Components. These seem to be essential, though how they are approached may vary:
- Advanced translation engine. Fast, working off a large database, able to detect and adjust to accents and dialects.
- Input device. Audio and video. Able to pick clear signals out of ambient noise and images. For the speaker, able to pick up verbal expressions, not just individual words. For the listener, focused, based on his/her attention (since more than one person may be speaking).
- Output device. Immediate text translation. Near real-time translation of speech with expression, confidence factors (if needed), and accessible references.
- Contextual information. A mix of static data, based on things like scheduling, and location and dynamic, based on gestures, mood and environmental changes.
- Personalization. Specific knowledge of speakers and listeners to handle nonstandard word use, nuance, and subtext.
- Universal participation. Many communities today are isolated because of language. The less broadly your language is spoken, the more limited is the content available to you. And the more difficult it is to have your views known and heard. In principle, Fluent could obliterate this barrier.
- Understanding. As the experiences and ideas of others become available, the potential for correct analysis of their behaviors and the development of empathy may increase. Also, direct communication may decrease the chances of misunderstanding.
- Perspective. Communicating regularly with a more diverse set of people with very different experiences has the potential to broaden personal perspectives on issues, concerns, approaches, and philosophies.
- Questions. By providing access to other cultures, accepted norms, wisdom, and approaches will be challenged.
- Knowledge. Whole areas of knowledge – current and historical – will become accessible.

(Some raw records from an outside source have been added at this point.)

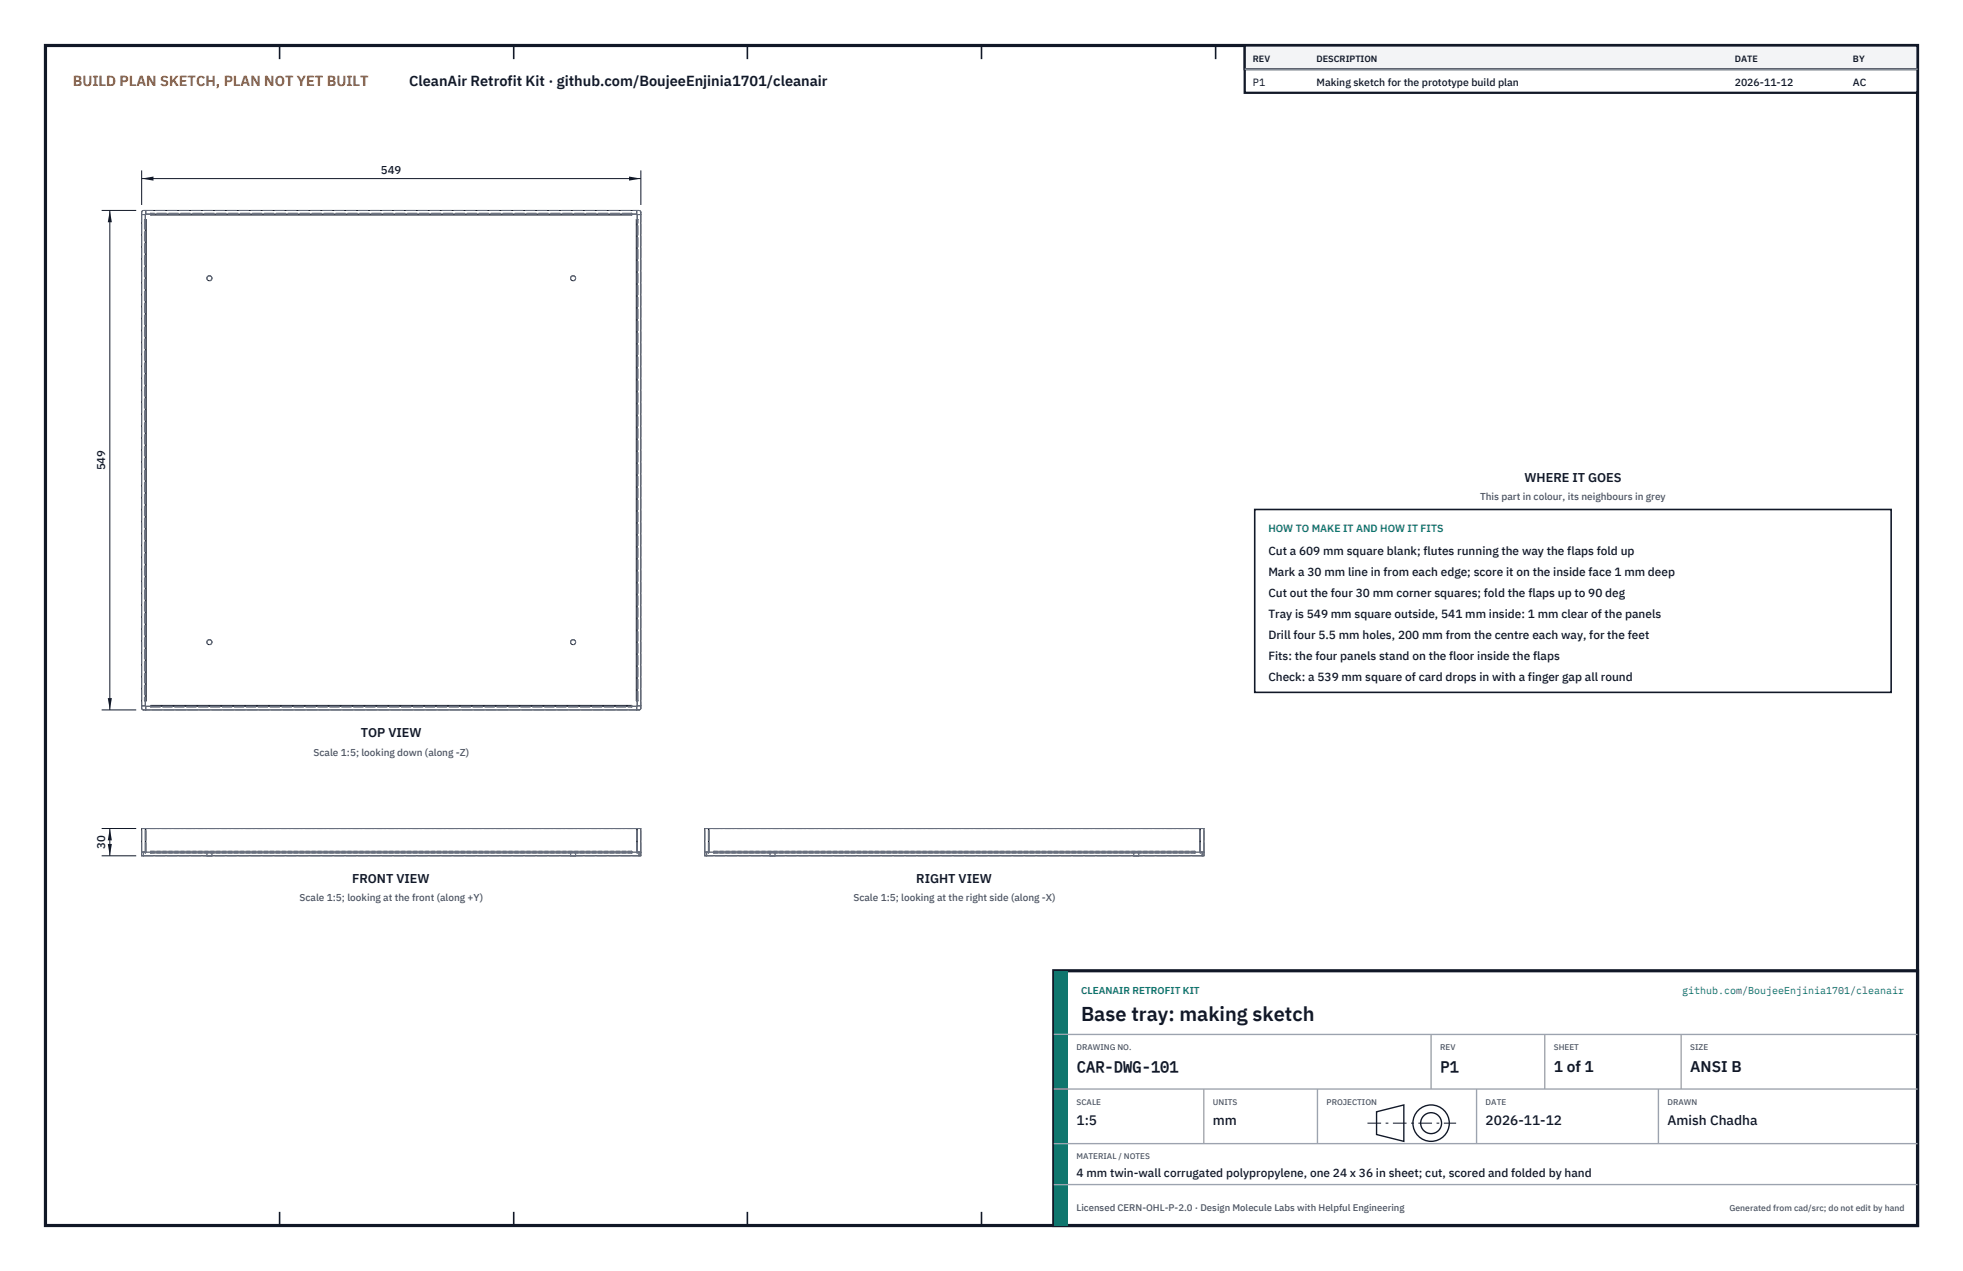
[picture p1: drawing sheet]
<svg xmlns="http://www.w3.org/2000/svg" width="432mm" height="279mm" viewBox="0 0 432 279" stroke-linecap="round" stroke-linejoin="round" font-family="sans-serif">
<defs><g id="words">
<text font-size="4.4" fill="#111827" x="237.8" y="224.4">Base tray: making sketch</text>
<g font-size="3.4" fill="#111827">
<text x="236.8" y="235.6">CAR-DWG-101</text>
<text x="316.8" y="235.6">P1</text>
<text x="341.8" y="235.6">1 of 1</text>
<text x="371.8" y="235.6">ANSI B</text>
</g>
<text font-size="3.2" fill="#b45309" x="16" y="19">BUILD PLAN SKETCH, PLAN NOT YET BUILT</text>
<text font-size="3.2" fill="#111827" x="90" y="19">CleanAir Retrofit Kit · github.com/BoujeeEnjinia1701/cleanair</text>
<g font-size="3" fill="#111827">
<text x="236.8" y="247.2">1:5</text>
<text x="266.8" y="247.2">mm</text>
<text x="326.8" y="247.2">2026-11-12</text>
<text x="366.8" y="247.2">Amish Chadha</text>
</g>
<g font-size="2.8" fill="#111827">
<text x="335.3" y="106">WHERE IT GOES</text>
<text x="79.4" y="162.1">TOP VIEW</text>
<text x="77.4" y="194.2">FRONT VIEW</text>
<text x="201.5" y="194.2">RIGHT VIEW</text>
</g>
<g font-size="2.6" fill="#111827">
<text x="279" y="122">Cut a 609 mm square blank; flutes running the way the flaps fold up</text>
<text x="279" y="126.6">Mark a 30 mm line in from each edge; score it on the inside face 1 mm deep</text>
<text x="279" y="131.2">Cut out the four 30 mm corner squares; fold the flaps up to 90 deg</text>
<text x="279" y="135.8">Tray is 549 mm square outside, 541 mm inside: 1 mm clear of the panels</text>
<text x="279" y="140.4">Drill four 5.5 mm holes, 200 mm from the centre each way, for the feet</text>
<text x="279" y="145">Fits: the four panels stand on the floor inside the flaps</text>
<text x="279" y="149.6">Check: a 539 mm square of card drops in with a finger gap all round</text>
<text x="236.8" y="258.8">4 mm twin-wall corrugated polypropylene, one 24 x 36 in sheet; cut, scored and folded by hand</text>
</g>
<g font-size="2.5" fill="#111827">
<text x="83.8" y="38.3">549</text>
<text x="23.2" y="103.4" transform="rotate(-90 23.2 103.4)">549</text>
<text x="23.2" y="186.6" transform="rotate(-90 23.2 186.6)">30</text>
</g>
<g font-size="2.3" fill="#111827">
<text x="275.6" y="18.8">P1</text>
<text x="289.6" y="18.8">Making sketch for the prototype build plan</text>
<text x="381.6" y="18.8">2026-11-12</text>
<text x="407.6" y="18.8">AC</text>
</g>
<text font-size="2.3" fill="#0f766e" x="279" y="117">HOW TO MAKE IT AND HOW IT FITS</text>
<g font-size="2.2" fill="#4b5563">
<text x="325.6" y="110">This part in colour, its neighbours in grey</text>
<text x="69" y="166.1">Scale 1:5; looking down (along -Z)</text>
<text x="65.9" y="198.2">Scale 1:5; looking at the front (along +Y)</text>
<text x="187.7" y="198.2">Scale 1:5; looking at the right side (along -X)</text>
</g>
<g font-size="2.2" fill="#0f766e">
<text x="237.8" y="218.4">CLEANAIR RETROFIT KIT</text>
<text x="370.1" y="218.4">github.com/BoujeeEnjinia1701/cleanair</text>
</g>
<text font-size="2.1" fill="#4b5563" x="236.8" y="266.2">Licensed CERN-OHL-P-2.0 · Design Molecule Labs with Helpful Engineering</text>
<g font-size="2" fill="#111827">
<text x="275.6" y="13.6">REV</text>
<text x="289.6" y="13.6">DESCRIPTION</text>
<text x="381.6" y="13.6">DATE</text>
<text x="407.6" y="13.6">BY</text>
</g>
<text font-size="1.9" fill="#4b5563" x="380.4" y="266.2">Generated from cad/src; do not edit by hand</text>
<g font-size="1.8" fill="#4b5563">
<text x="236.8" y="230.8">DRAWING NO.</text>
<text x="316.8" y="230.8">REV</text>
<text x="341.8" y="230.8">SHEET</text>
<text x="371.8" y="230.8">SIZE</text>
<text x="236.8" y="242.8">SCALE</text>
<text x="266.8" y="242.8">UNITS</text>
<text x="291.8" y="242.8">PROJECTION</text>
<text x="326.8" y="242.8">DATE</text>
<text x="366.8" y="242.8">DRAWN</text>
<text x="236.8" y="254.8">MATERIAL / NOTES</text>
</g>
</g></defs>
<path d="M10 10h411.8v259.4h-411.8z" fill="none" stroke="#111827" stroke-width=".7" stroke-linecap="butt"/>
<g fill="none" stroke="#111827" stroke-width=".35">
<path d="M61.5 10v3M113 10v3M164.4 10v3M215.9 10v3M267.4 10v3M318.9 10v3M370.3 10v3M61.5 266.4v3M113 266.4v3M164.4 266.4v3M215.9 266.4v3M267.4 266.4v3"/>
<path d="M318.9 266.4v3M370.3 266.4v3"/>
</g>
<g fill="none" stroke="#111727" stroke-width=".22">
<path d="M31.2 47.2h.8v108h-.8M31.3 46.4l.3-.1h109l.2 .1 .2 .3-.1 109.2-.3 .2h-109l-.3-.2-.1-.2v-109zM32 48.3h.2v105.8h-.2M32.1 46.3v.8h108v-.8M33.2 47.1v.2h105.8v-.2M140.2 48.3h-.2v105.8h.2M141 47.2h-.8v108h.8M32.1 156.1v-.8h108v.8M33.2 155.3v-.2h105.8v.2M31.2 187.3h.4M31.6 187.3v.8M31.6 187.3h.5v-5.2h108v5.2h.5"/>
<path d="M31.6 188.1h109M32 187.3v-5.2h-.8v6h.4M140.2 187.3v-5.2h.8v6h-.4M140.6 187.3h.4M140.6 187.3v.8M155 187.3h.4M155.4 187.3h.5v-5.2h108v5.2h.5M155.4 188.1h109M155.4 187.3v.8M155.8 187.3v-5.2h-.8v6h.4M264 187.3v-5.2h.8v6h-.4M264.4 187.3h.4"/>
<path d="M264.4 187.3v.8"/>
<circle cx="46.1" cy="61.2" r=".55"/>
<circle cx="126.1" cy="61.2" r=".55"/>
<circle cx="46.1" cy="141.2" r=".55"/>
<circle cx="126.1" cy="141.2" r=".55"/>
</g>
<g fill="none" stroke="#6a7180" stroke-width=".22" stroke-dasharray="2.1 .5">
<path d="M31.2 46.7v109M31.2 47.2h.8M31.2 46.7l.1-.3 .3-.1M31.6 46.3h109M31.8 48.3v105.8M32 47.2v1.1M32 48.3v105.8M32 48.3h-.2M32.1 46.3v.8M32.2 48.3h-.2M33.2 47.1h-1.1M33.2 47.1v-.2"/>
<path d="M33.2 47.3v-.2M139 47.1h-105.8M139 47.3v-.2M139 47.1v-.2M139 46.9h-105.8M140 48.3h.2M140.1 47.1h-1.1M140.1 46.3v.8M140.2 48.3v-1.1M140.2 48.3h.2M140.6 46.3l.2 .1 .2 .3M141 47.2h-.8"/>
<path d="M141 46.7v109M31.2 155.2h.8M31.6 156.1l-.3-.2-.1-.2M32 154.1v1.1M32 154.1h-.2M32.1 155.3h1.1M32.1 156.1v-.8M32.2 154.1h-.2M33.2 155.3h105.8M33.2 155.1v.2M33.2 155.3v.2M33.2 155.5h105.8"/>
<path d="M139 155.3h1.1M139 155.3v.2M139 155.1v.2M140 154.1h.2M140.1 156.1v-.8M140.2 155.2v-1.1M140.2 154.1v-105.8M140.2 154.1h.2M140.4 154.1v-105.8M140.6 156.1h-109M141 155.2h-.8M141 155.7l-.4 .4"/>
<path d="M31.2 187.3v-5.2M31.2 188.1v-.8M31.2 187.3h.8M31.2 187.3h.4M31.2 188.1h.4M31.6 187.3h.5M31.6 188.1v-.8M31.6 188.1h109M32 187.3h.2M32 182.1h-.8M32 187.3v-5.2M32 187.3v-.2"/>
<path d="M32 187.5l-.2-.2M32 187.1l-.2 .2M32.1 187.3h.1M32.1 187.3h1.1M32.1 187.3v-5.2M32.1 182.1h108M32.2 187.3l-.2 .2M33.2 187.3h-1.1M33.2 187.3h105.8M33.2 187.3v-.2M33.2 187.5v-.2M33.2 187.1v.2"/>
<path d="M33.2 187.3v.2M33.2 187.1h105.8M33.2 187.5h105.8M45.5 187.3h1.1M45.5 188.1h1.1M45.5 187.3v.8M46.6 187.3h-1.1M46.6 188.1h-1.1M46.6 188.1v-.8M125.5 187.3h1.1M125.5 188.1h1.1M125.5 187.3v.8"/>
<path d="M126.6 187.3h-1.1M126.6 188.1h-1.1M126.6 188.1v-.8M139 187.3h-105.8M139 187.3h1.1M139 187.1h-105.8M139 187.3v-.2M139 187.5h-105.8M139 187.3v.2M139 187.5v-.2M139 187.1v.2M140 187.3l.2 .2"/>
<path d="M140.1 187.3h-1.1M140.1 187.3h.5M140.1 187.3h-.1M140.1 182.1h-108M140.1 187.3v-5.2M140.2 187.3h-.2M140.2 182.1h.8M140.2 187.3v-5.2M140.2 187.3v-.2M140.2 187.5l.2-.2M140.2 187.1l.2 .2M140.6 187.3h.4"/>
<path d="M140.6 188.1h.4M140.6 188.1v-.8M141 187.3h-.8M141 188.1v-.8M141 187.3v-5.2M155 188.1v-.8M155 188.1h.4M155 187.3h.4M155 187.3h.8M155 187.3v-5.2M155.4 188.1v-.8M155.4 187.3h.5"/>
<path d="M155.8 187.3h.2M155.8 187.3v-5.2M155.8 187.3v-.2M155.8 187.5l-.2-.2M155.8 187.1l-.2 .2M155.8 182.1h-.8M155.9 187.3v-5.2M155.9 187.3h1.1M155.9 187.3h.1M155.9 182.1h108M156 187.3l-.2 .2M157 187.3h-1.1"/>
<path d="M157 187.3h105.8M157 187.3v-.2M157 187.5v-.2M157 187.1v.2M157 187.3v.2M157 187.1h105.8M157 187.5h105.8M169.4 187.3h.5M169.4 188.1h.5M169.4 187.3v.8M169.9 187.3h.6M169.9 188.1h.6"/>
<path d="M170.5 187.3h-1.1M170.5 188.1h-1.1M170.5 187.3v.8M249.4 187.3h.5M249.4 188.1h.5M249.4 187.3v.8M249.9 187.3h.6M249.9 188.1h.6M250.5 187.3h-1.1M250.5 188.1h-1.1M250.5 187.3v.8M262.8 187.3h-105.8"/>
<path d="M262.8 187.3h1.1M262.8 187.1h-105.8M262.8 187.3v-.2M262.8 187.5h-105.8M262.8 187.3v.2M262.8 187.5v-.2M262.8 187.1v.2M263.8 187.3l.2 .2M263.9 182.1h-108M263.9 187.3v-5.2M263.9 187.3h.5M263.9 187.3h-1.1"/>
<path d="M263.9 187.3h-.1M264 187.3h-.2M264 182.1h.8M264 187.3v-5.2M264 187.3v-.2M264 187.5l.2-.2M264 187.1l.2 .2M264.4 188.1v-.8M264.4 188.1h-109M264.4 187.3h.4M264.4 188.1h.4M264.8 187.3h-.8"/>
<path d="M264.8 188.1v-.8M264.8 187.3v-5.2"/>
<circle cx="46.1" cy="61.2" r=".55"/>
<circle cx="126.1" cy="61.2" r=".55"/>
<circle cx="46.1" cy="141.2" r=".55"/>
<circle cx="126.1" cy="141.2" r=".55"/>
</g>
<path d="M31.2 37.5v7.6M31.2 39.3h109.8M141 37.5v7.6" fill="none" stroke="#111827" stroke-width=".22"/>
<path d="M31.2 39.3l2.6-.5v.9zM138.4 38.8v.9l2.6-.4z" fill="#111827"/>
<path d="M22.4 46.3h7.6M24.2 46.3v109.8M22.4 156.1h7.6" fill="none" stroke="#111827" stroke-width=".22"/>
<path d="M24.2 46.3l-.5 2.6h.9zM23.7 153.5h.9l-.4 2.6z" fill="#111827"/>
<path d="M22.4 182.1h7.6M22.4 188.1h7.6M24.2 182.1v6" fill="none" stroke="#111827" stroke-width=".22"/>
<path d="M24.2 182.1l-.5 2.6h.9zM23.7 185.5h.9l-.4 2.6z" fill="#111827"/>
<path d="M276 112h140v40.2h-140z" fill="#fff" stroke="#111827" stroke-width=".35"/>
<path d="M273.8 10h148v10.4h-148z" fill="#fff" stroke="#111827" stroke-width=".5"/>
<path d="M273.8 10h148v5.2h-148z" fill="#f3f4f6" stroke="#111827" stroke-width=".5"/>
<path d="M273.8 15.2h148" fill="none" stroke="#9ca3af" stroke-width=".3"/>
<path d="M231.8 213.4h190v56h-190z" fill="#fff" stroke="#111827" stroke-width=".7" stroke-linecap="butt"/>
<path d="M231.8 213.4h3v56h-3z" fill="#0f766e"/>
<path d="M231.8 227.4h190M231.8 239.4h190M264.8 239.4v12M289.8 239.4v12M314.8 227.4v12M324.8 239.4v12M339.8 227.4v12M364.8 239.4v12M369.8 227.4v12M231.8 251.4h190M231.8 260.4h190" fill="none" stroke="#9ca3af" stroke-width=".3"/>
<g fill="none" stroke="#111827" stroke-width=".3">
<path d="M302.8 244.4l6-1.5v8l-6-1.5z"/>
<circle cx="314.8" cy="246.9" r="4"/>
<circle cx="314.8" cy="246.9" r="2.3"/>
</g>
<path d="M300.8 246.9h19.5" fill="none" stroke="#111827" stroke-width=".22" stroke-dasharray="3 1 .6 1" stroke-linecap="butt"/>
<use href="#words"/>
</svg>

- Collaboration. Jargon, as well as language, should be a subject of translation. This could open the door to conversations and joint projects across different disciplines.
Does this meet Stephenson’s challenge?
- Achievable. Language processing is one of the most intensive and complex activities in the brain. Creating a chip that does this work is probably a stretch. But the hardware and software for an augmented reality system seem to be within reach.
- Career objective. Is this big enough to take decades? A recent TED talk about developing futuristic input/output designs for “Minority Report” seemed wistful because what the designers had designed as far future became real so quickly. Once the challenge is out there in a way that catches the imaginations of engineers (and businesses), things can happen quickly. (Though not always. Virtual reality continues to lurch forward at an uneven pace.) I suspect getting something better – meaning an improvement dramatic enough to change culture – can be achieved within ten years. But the full expression of the fluent concept seems to be further off.
- Practical purpose. Yes.
- A technological fix for a major human problem. A great deal of misunderstanding, sometimes tragic, occurs because of differences in language. But conversations, especially those with emotional importance, have subtext. What is said is not what is meant. Connotation is more important than denotation. And language is just one part of culture. The larger context provides meaning. So this is a useful fix, but it will have unintended side effects.
I think there’s also something poetic about matching Stephenson’s example of the Tall Tower with an end to the confusion of languages.